# Instructions to follow
Please print every record exactly as it stands, leaving out the pictures.

(Beginning of Dataset)

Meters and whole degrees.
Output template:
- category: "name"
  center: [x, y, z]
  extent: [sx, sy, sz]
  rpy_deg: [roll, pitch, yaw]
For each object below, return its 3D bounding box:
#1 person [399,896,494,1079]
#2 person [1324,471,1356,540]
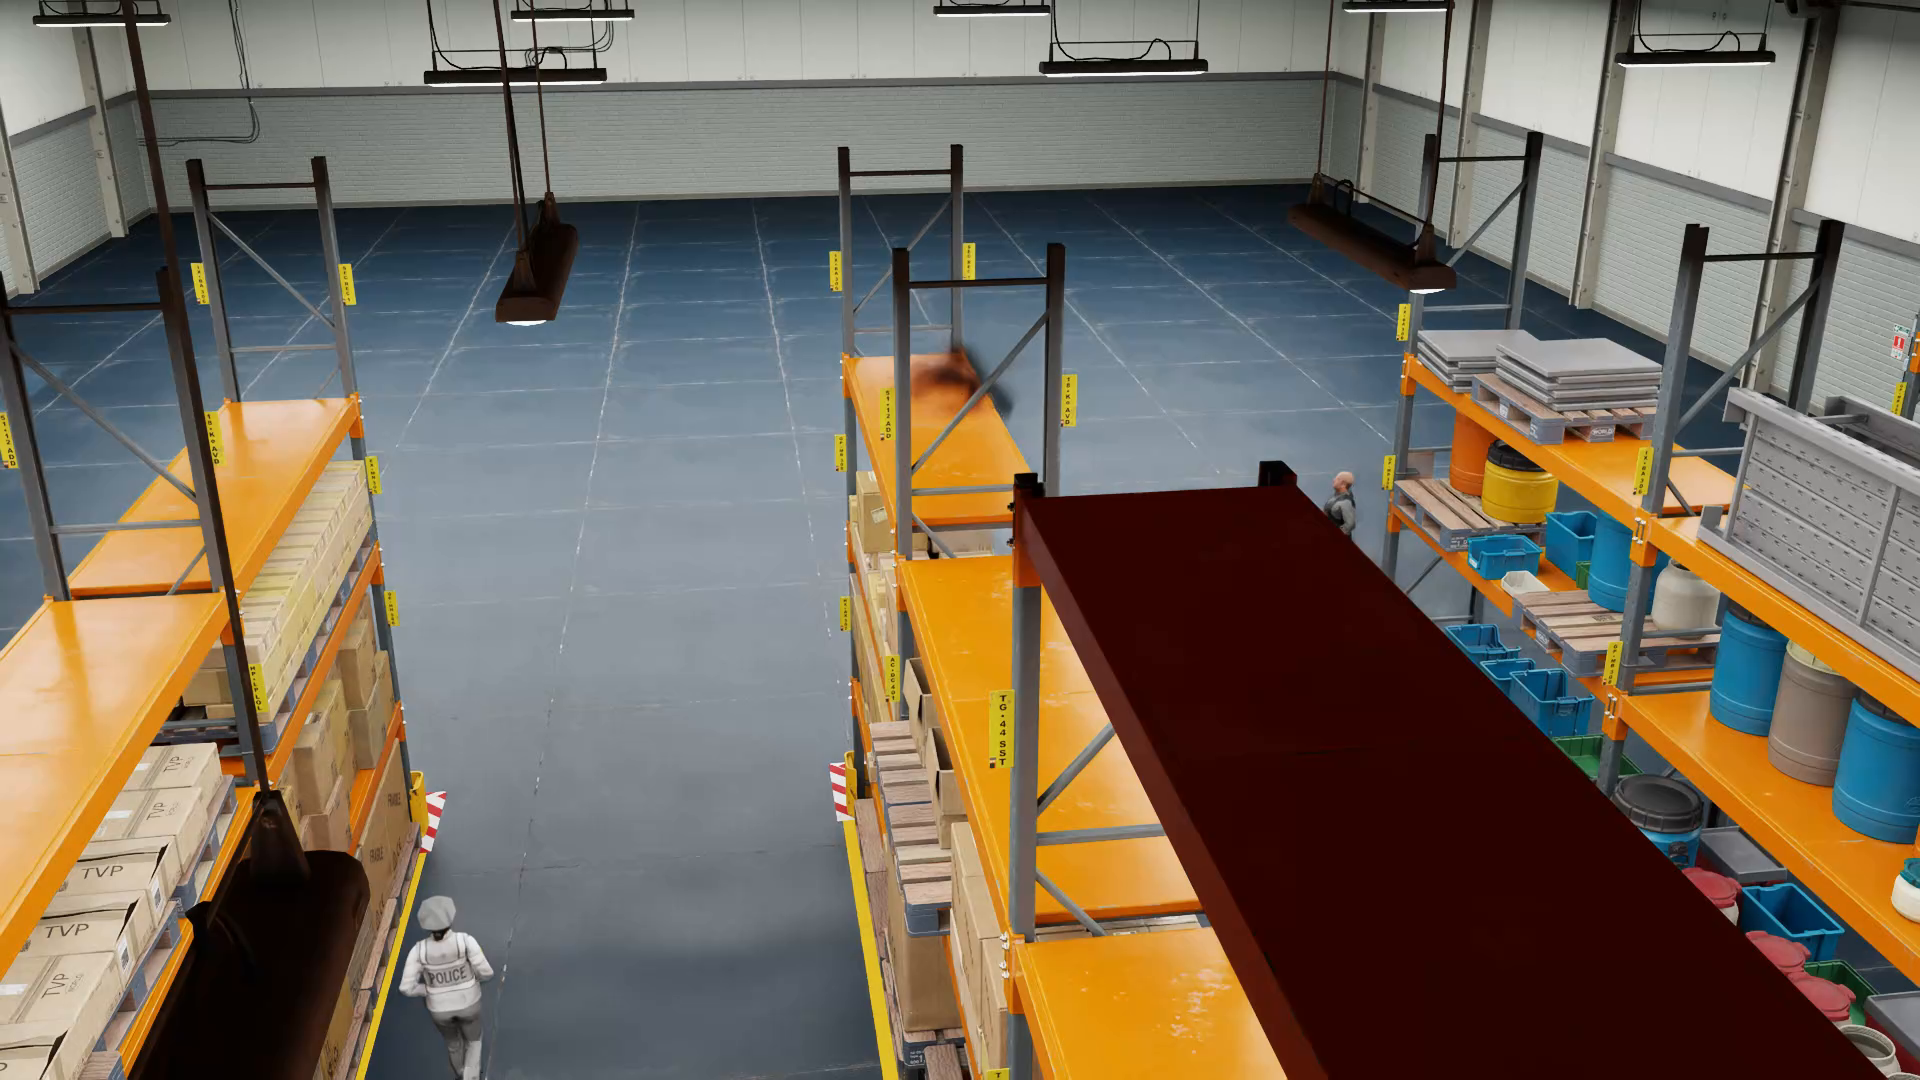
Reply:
- category: "person"
  center: [-3.466, 3.186, 11.323]
  extent: [0.611, 1.670, 0.720]
  rpy_deg: [-6, 22, -14]
- category: "person"
  center: [4.409, 0.008, 19.343]
  extent: [0.765, 1.690, 0.658]
  rpy_deg: [5, 22, 12]

(End of Dataset)

# Reply to the exercise
Meters and whole degrees.
Output template:
- category: "name"
  center: [x, y, z]
  extent: [sx, sy, sz]
  rpy_deg: [roll, pitch, yaw]
For each object below, return its 3D bounding box:
#1 person [399,896,494,1079]
#2 person [1324,471,1356,540]
Reply:
- category: "person"
  center: [-3.466, 3.186, 11.323]
  extent: [0.611, 1.670, 0.720]
  rpy_deg: [-6, 22, -14]
- category: "person"
  center: [4.409, 0.008, 19.343]
  extent: [0.765, 1.690, 0.658]
  rpy_deg: [5, 22, 12]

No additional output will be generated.